In a scathing statement, warning that the nation’s “reputation is on the line,” Mr. Menendez said he would “seek a full accounting” of how the Biden administration failed to grasp the implications of a rapid U.S. withdrawal.

“Congress was told repeatedly that the Afghan Defense and Security Forces were up to the task, that it had the troops, equipment and willingness to fight,” Mr. Menendez said. “To see this army dissolve so quickly after billions of dollars in U.S. support is astounding. The American and Afghan people clearly have not been told the truth.”

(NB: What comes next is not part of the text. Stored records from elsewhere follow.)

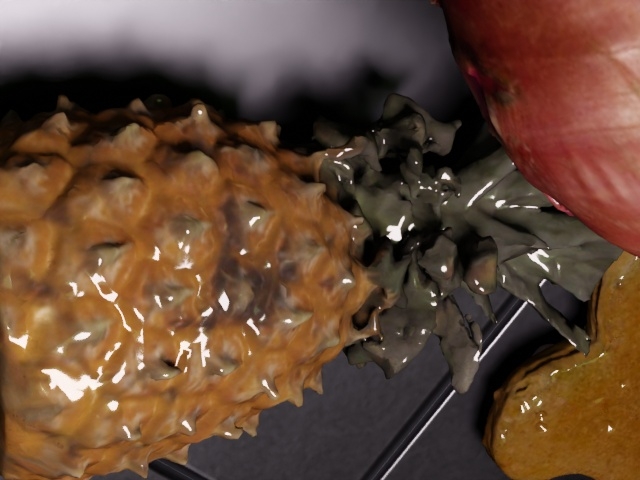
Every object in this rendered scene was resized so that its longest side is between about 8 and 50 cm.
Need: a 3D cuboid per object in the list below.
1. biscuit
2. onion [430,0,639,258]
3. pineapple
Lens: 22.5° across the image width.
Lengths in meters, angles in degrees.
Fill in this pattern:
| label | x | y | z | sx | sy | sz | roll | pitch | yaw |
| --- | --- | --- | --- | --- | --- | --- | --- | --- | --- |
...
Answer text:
| label | x | y | z | sx | sy | sz | roll | pitch | yaw |
| --- | --- | --- | --- | --- | --- | --- | --- | --- | --- |
| biscuit | 0.230 | 0.106 | 0.895 | 0.301 | 0.049 | 0.197 | 29 | 109 | -27 |
| onion | 0.169 | -0.149 | 0.623 | 0.354 | 0.353 | 0.353 | -8 | 115 | -17 |
| pineapple | 0.000 | 0.000 | 0.720 | 0.341 | 0.169 | 0.169 | -14 | 117 | -22 |
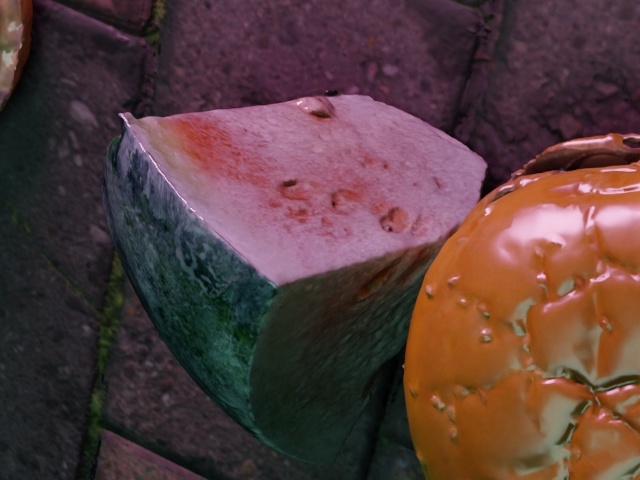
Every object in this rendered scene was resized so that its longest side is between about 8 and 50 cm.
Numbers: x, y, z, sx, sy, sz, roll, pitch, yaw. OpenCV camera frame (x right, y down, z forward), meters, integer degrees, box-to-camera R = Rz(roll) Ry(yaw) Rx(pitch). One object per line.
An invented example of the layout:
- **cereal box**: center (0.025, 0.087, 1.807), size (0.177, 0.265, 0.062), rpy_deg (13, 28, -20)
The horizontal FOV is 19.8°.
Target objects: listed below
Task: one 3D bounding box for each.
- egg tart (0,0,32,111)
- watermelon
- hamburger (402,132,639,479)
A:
- **egg tart**: center (-0.393, -0.199, 1.419), size (0.352, 0.150, 0.352), rpy_deg (13, 124, 20)
- **watermelon**: center (0.000, 0.000, 1.274), size (0.258, 0.387, 0.228), rpy_deg (-32, 70, -3)
- **hamburger**: center (0.193, 0.075, 1.115), size (0.319, 0.158, 0.318), rpy_deg (1, 91, 26)
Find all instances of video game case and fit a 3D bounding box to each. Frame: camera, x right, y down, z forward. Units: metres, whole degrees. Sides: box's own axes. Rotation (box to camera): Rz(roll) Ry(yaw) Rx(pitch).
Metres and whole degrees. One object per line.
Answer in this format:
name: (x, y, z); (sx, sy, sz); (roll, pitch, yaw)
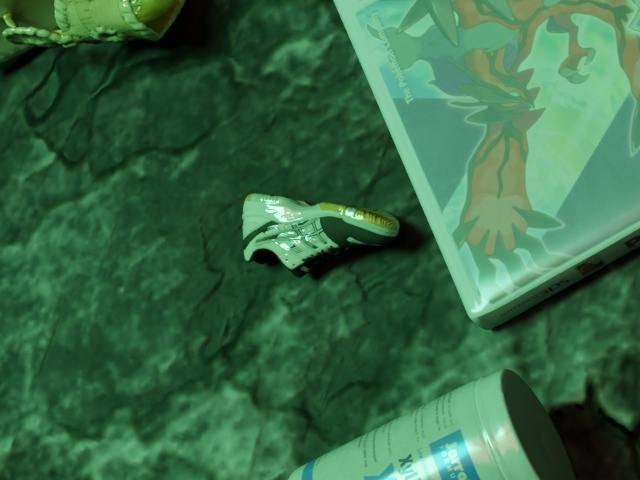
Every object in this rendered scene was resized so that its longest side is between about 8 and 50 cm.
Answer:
video game case: (0.113, -0.087, 0.882); (0.183, 0.023, 0.201); (-31, 59, 16)

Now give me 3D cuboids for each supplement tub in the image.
supplement tub: (0.046, 0.106, 0.815); (0.107, 0.071, 0.071); (-29, 60, 17)

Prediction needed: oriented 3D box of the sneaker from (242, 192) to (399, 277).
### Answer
sneaker: (0.000, 0.000, 0.911); (0.083, 0.032, 0.037); (6, 88, 36)

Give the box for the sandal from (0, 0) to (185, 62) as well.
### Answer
sandal: (-0.092, -0.139, 0.979); (0.240, 0.088, 0.079); (-33, 55, 7)
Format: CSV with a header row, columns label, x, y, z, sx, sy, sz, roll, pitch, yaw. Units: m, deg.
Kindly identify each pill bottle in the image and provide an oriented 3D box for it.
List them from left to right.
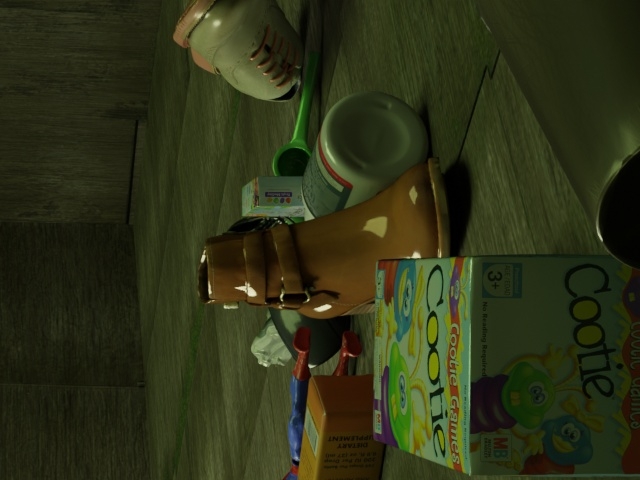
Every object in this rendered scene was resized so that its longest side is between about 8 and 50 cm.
label,x,y,z,sx,sy,sz,roll,pitch,yaw
pill bottle,0.038,-0.062,1.897,0.180,0.108,0.108,114,155,-62

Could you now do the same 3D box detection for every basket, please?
label,x,y,z,sx,sy,sz,roll,pitch,yaw
basket,0.187,-0.106,1.073,0.204,0.154,0.227,100,162,-45

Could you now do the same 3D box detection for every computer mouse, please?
label,x,y,z,sx,sy,sz,roll,pitch,yaw
computer mouse,-0.057,0.048,2.244,0.184,0.060,0.262,-31,48,30

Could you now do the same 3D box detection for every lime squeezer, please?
label,x,y,z,sx,sy,sz,roll,pitch,yaw
lime squeezer,-0.027,-0.083,2.413,0.110,0.059,0.310,-50,-26,-52

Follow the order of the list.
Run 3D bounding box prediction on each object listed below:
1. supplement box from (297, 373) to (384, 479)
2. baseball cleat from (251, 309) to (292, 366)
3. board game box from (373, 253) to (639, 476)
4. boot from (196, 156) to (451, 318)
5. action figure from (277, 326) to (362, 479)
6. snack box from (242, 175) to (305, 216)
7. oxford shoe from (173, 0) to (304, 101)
label,x,y,z,sx,sy,sz,roll,pitch,yaw
supplement box,0.019,0.261,2.042,0.080,0.078,0.233,-112,25,-56
baseball cleat,-0.033,0.091,2.335,0.206,0.072,0.109,-33,36,62
board game box,0.134,0.082,1.315,0.275,0.142,0.144,172,99,-79
boot,0.000,0.000,1.793,0.283,0.220,0.109,124,146,-70
action figure,-0.011,0.253,2.143,0.139,0.091,0.280,-90,7,-59
snack box,-0.008,-0.047,2.039,0.100,0.141,0.037,150,119,-77
oxford shoe,-0.081,-0.258,2.334,0.140,0.146,0.397,-54,-5,0
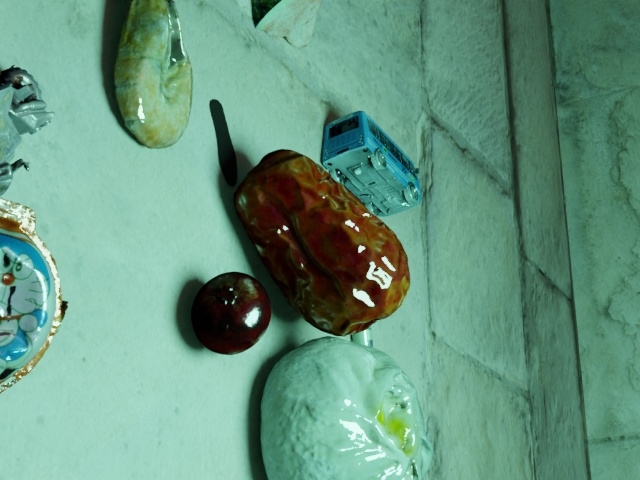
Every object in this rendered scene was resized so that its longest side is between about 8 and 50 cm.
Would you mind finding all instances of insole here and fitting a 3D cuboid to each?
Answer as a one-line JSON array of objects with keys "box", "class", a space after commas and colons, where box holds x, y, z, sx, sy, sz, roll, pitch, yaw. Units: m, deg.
[{"box": [-0.165, -0.166, 1.636, 0.053, 0.002, 0.153, -13, 89, -61], "class": "insole"}]

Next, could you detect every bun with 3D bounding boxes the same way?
[{"box": [0.054, 0.329, 1.597, 0.362, 0.211, 0.362, 29, 54, -50], "class": "bun"}]

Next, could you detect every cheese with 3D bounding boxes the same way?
[{"box": [-0.378, 0.114, 1.023, 0.217, 0.129, 0.329, 26, 74, -48], "class": "cheese"}]

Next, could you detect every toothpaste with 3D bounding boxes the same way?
[{"box": [0.088, 0.245, 1.870, 0.062, 0.039, 0.239, 14, 68, -65], "class": "toothpaste"}]

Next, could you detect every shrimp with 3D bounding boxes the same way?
[{"box": [-0.246, -0.291, 1.481, 0.168, 0.077, 0.317, 36, 55, -57], "class": "shrimp"}]

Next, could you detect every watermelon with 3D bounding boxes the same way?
[{"box": [-0.077, -0.480, 1.885, 0.207, 0.136, 0.202, -109, -154, -52], "class": "watermelon"}]

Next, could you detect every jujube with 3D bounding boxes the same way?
[{"box": [0.000, 0.000, 1.614, 0.342, 0.216, 0.216, 50, 32, 0], "class": "jujube"}]

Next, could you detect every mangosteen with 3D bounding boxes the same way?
[{"box": [-0.133, 0.118, 1.465, 0.140, 0.140, 0.140, 32, 51, -51], "class": "mangosteen"}]

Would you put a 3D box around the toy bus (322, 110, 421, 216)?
[{"box": [0.110, -0.154, 1.998, 0.246, 0.113, 0.134, 38, 41, -46], "class": "toy bus"}]

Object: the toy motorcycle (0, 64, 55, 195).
[{"box": [-0.386, -0.131, 1.160, 0.123, 0.080, 0.215, 65, 27, -20], "class": "toy motorcycle"}]
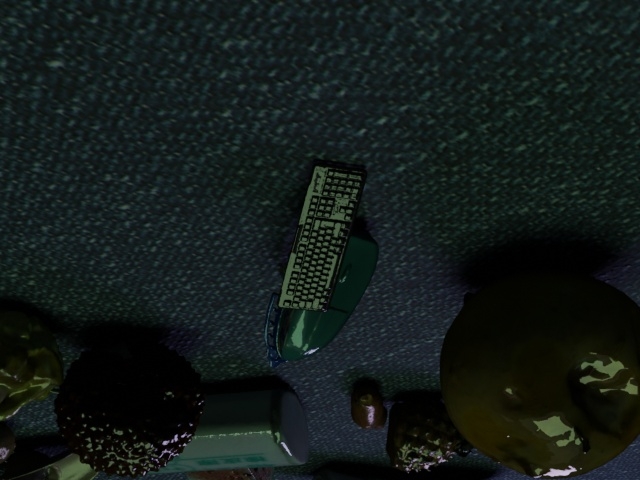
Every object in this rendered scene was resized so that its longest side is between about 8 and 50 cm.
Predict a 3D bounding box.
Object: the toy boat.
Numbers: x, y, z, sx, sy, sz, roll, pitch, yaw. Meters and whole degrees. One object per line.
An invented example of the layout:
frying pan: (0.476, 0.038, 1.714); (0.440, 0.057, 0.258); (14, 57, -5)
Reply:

Menendez isn’t exactly a moral force in the US Senate, but he’s certainly one of the Democrats’ leadership class in DC. He’s also somewhat on the hawkish side of the spectrum, at least in relation to the rest of the Democratic caucus, which is how Menendez ended up as chair of the SFRC. Even so, one could imagine this turning into an attempt to soften the eventual truth about Biden’s bungling, except that another quasi-hawk among Democrats wants to run a parallel investigation into the humiliating bumbling too:

Mr. Menendez’s vow to hold a president of his own party to account — with the gavel Mr. Biden used to wield in the Foreign Relations Committee — could prove a major headache for administration officials. And it came after other Democratic congressional leaders, including Senator Mark Warner of Virginia, the chairman of the Intelligence Committee, said they would also seek answers on what went wrong.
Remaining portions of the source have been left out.